- _Task instructions_: After locating the line that contains "15x17 в комплекте с крышкой системы</text>" in the records below, write out exactly that line and each line after it through the one that contains "на стык 15х17</text>", and nothing else.

------------

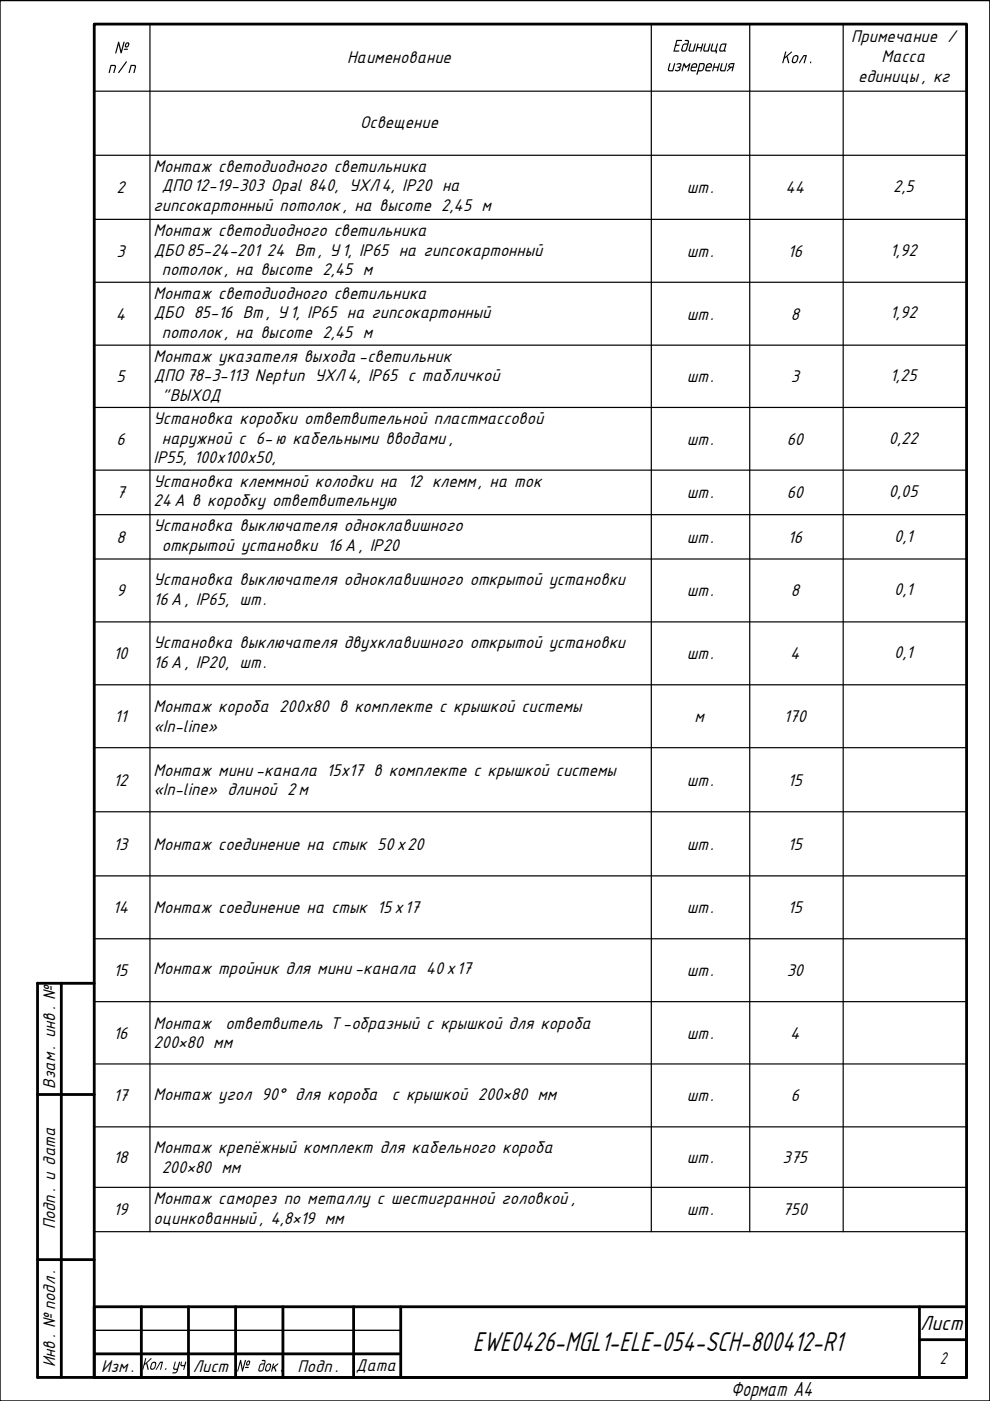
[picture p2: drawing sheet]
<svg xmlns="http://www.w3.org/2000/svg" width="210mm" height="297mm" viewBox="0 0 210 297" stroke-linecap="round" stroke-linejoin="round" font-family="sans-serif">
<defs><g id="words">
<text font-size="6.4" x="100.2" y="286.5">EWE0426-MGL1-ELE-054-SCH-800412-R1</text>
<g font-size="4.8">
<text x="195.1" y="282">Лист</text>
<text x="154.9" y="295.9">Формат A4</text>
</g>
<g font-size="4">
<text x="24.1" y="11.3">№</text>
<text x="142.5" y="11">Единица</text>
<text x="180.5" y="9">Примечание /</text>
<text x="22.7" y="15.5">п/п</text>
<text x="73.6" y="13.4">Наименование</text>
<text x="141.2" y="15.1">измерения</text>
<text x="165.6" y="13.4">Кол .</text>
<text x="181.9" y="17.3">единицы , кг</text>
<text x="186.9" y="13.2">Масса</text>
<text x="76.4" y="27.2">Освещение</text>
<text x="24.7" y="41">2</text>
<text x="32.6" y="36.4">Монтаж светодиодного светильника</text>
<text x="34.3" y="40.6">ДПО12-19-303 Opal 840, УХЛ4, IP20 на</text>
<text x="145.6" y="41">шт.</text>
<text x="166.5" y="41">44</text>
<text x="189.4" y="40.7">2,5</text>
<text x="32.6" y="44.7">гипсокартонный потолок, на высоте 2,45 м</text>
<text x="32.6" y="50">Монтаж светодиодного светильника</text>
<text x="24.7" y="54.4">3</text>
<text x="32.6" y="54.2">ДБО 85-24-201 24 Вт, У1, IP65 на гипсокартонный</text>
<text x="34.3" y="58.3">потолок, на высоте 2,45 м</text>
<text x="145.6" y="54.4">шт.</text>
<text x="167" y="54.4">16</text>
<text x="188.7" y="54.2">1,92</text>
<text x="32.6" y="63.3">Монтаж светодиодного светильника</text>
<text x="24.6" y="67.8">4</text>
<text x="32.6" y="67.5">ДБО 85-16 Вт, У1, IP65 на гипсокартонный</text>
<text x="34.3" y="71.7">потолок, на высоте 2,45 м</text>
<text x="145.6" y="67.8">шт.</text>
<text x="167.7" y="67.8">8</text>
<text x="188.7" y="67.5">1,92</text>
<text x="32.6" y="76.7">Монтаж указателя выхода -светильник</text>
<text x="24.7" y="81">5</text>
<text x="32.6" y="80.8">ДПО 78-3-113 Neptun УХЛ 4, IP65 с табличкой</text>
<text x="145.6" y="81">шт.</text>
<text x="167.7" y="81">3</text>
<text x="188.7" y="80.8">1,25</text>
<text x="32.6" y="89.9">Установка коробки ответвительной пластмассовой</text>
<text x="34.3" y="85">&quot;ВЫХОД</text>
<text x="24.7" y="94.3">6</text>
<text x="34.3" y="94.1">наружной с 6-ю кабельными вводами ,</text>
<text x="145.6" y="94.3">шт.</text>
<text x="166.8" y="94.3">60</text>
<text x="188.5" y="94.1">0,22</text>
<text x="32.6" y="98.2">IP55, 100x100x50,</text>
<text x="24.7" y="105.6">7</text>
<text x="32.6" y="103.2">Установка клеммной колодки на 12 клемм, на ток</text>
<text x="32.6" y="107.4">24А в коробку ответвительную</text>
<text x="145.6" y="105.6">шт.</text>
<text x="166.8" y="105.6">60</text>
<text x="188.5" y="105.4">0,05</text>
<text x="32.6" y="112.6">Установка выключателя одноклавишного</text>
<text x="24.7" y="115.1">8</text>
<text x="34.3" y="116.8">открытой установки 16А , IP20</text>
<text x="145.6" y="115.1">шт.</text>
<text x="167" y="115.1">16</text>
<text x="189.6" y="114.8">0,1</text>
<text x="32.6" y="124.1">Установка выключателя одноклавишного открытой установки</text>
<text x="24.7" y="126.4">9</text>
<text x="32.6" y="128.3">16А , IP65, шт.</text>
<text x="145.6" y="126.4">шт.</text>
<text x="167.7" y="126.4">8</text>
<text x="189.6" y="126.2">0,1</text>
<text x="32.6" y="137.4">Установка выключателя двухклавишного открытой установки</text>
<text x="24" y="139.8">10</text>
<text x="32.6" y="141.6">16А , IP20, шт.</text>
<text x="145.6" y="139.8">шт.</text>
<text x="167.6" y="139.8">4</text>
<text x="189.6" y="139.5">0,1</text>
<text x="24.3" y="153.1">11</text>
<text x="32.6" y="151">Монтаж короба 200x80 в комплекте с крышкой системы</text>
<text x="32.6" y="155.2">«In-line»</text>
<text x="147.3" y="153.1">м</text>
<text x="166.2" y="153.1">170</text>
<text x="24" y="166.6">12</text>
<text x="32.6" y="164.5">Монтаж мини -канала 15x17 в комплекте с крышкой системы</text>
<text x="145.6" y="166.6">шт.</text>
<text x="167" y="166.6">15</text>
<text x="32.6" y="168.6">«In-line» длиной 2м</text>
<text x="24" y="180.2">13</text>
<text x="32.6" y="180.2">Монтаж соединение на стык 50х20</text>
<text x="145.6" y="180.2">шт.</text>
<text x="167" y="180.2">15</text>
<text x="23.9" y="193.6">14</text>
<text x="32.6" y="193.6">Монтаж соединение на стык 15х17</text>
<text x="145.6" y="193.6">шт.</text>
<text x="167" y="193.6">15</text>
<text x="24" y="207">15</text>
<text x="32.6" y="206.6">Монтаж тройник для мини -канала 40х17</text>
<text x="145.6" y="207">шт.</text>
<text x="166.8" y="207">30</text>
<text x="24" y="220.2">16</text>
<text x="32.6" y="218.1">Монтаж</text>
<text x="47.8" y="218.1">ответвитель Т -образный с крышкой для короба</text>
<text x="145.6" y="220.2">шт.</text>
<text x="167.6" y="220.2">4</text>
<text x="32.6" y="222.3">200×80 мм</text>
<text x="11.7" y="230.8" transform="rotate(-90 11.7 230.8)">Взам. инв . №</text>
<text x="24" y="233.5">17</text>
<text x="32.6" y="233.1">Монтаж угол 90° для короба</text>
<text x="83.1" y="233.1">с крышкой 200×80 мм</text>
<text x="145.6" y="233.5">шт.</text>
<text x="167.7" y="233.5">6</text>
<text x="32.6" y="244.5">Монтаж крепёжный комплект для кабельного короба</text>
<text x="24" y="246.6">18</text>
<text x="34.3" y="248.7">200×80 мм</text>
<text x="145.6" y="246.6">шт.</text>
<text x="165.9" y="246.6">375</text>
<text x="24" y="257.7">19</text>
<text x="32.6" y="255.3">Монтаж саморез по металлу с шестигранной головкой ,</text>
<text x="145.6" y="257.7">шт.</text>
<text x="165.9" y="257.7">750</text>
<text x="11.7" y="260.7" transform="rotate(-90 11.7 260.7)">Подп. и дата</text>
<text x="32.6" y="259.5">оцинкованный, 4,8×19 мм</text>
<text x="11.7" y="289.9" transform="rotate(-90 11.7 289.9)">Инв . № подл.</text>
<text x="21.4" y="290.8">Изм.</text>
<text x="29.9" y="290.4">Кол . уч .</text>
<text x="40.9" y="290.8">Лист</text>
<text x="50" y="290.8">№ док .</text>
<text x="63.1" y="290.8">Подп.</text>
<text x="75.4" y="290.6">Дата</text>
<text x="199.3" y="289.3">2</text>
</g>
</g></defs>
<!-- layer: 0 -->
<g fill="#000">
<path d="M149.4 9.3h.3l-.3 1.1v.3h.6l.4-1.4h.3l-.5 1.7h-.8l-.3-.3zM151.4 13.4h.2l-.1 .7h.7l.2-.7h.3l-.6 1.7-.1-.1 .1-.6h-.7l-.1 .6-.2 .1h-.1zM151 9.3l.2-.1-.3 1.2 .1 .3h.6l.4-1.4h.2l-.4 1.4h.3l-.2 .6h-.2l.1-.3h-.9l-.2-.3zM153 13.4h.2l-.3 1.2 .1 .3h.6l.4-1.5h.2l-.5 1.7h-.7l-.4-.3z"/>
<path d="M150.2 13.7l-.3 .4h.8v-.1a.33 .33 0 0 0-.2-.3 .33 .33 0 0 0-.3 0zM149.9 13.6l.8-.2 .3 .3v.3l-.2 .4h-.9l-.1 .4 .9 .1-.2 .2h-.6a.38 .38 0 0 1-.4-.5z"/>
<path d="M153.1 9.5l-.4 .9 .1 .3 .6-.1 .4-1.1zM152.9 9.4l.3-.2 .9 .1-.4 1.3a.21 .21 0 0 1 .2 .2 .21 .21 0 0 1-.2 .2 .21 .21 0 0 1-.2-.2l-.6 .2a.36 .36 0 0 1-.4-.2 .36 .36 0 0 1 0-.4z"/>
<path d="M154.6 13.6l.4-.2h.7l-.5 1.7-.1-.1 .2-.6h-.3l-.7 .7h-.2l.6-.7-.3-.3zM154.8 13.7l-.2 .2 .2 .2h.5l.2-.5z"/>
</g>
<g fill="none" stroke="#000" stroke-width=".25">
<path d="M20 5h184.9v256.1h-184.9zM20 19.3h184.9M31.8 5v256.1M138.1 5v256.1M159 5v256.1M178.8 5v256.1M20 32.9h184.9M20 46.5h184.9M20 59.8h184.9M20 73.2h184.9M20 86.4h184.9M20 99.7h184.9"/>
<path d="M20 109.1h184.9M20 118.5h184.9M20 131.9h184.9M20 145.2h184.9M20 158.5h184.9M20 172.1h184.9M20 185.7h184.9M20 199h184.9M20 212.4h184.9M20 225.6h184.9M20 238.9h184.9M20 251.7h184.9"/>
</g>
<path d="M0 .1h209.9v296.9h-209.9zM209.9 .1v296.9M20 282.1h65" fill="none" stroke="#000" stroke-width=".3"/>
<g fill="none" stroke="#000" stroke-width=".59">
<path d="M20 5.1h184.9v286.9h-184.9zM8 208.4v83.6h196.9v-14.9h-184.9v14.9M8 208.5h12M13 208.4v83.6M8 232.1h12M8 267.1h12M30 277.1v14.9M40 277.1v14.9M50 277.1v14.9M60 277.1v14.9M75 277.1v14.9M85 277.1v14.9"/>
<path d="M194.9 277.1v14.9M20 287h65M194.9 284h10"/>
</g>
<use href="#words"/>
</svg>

------------

- _Problem solution_:
<text x="32.6" y="164.5">Монтаж мини -канала 15x17 в комплекте с крышкой системы</text>
<text x="145.6" y="166.6">шт.</text>
<text x="167" y="166.6">15</text>
<text x="32.6" y="168.6">«In-line» длиной 2м</text>
<text x="24" y="180.2">13</text>
<text x="32.6" y="180.2">Монтаж соединение на стык 50х20</text>
<text x="145.6" y="180.2">шт.</text>
<text x="167" y="180.2">15</text>
<text x="23.9" y="193.6">14</text>
<text x="32.6" y="193.6">Монтаж соединение на стык 15х17</text>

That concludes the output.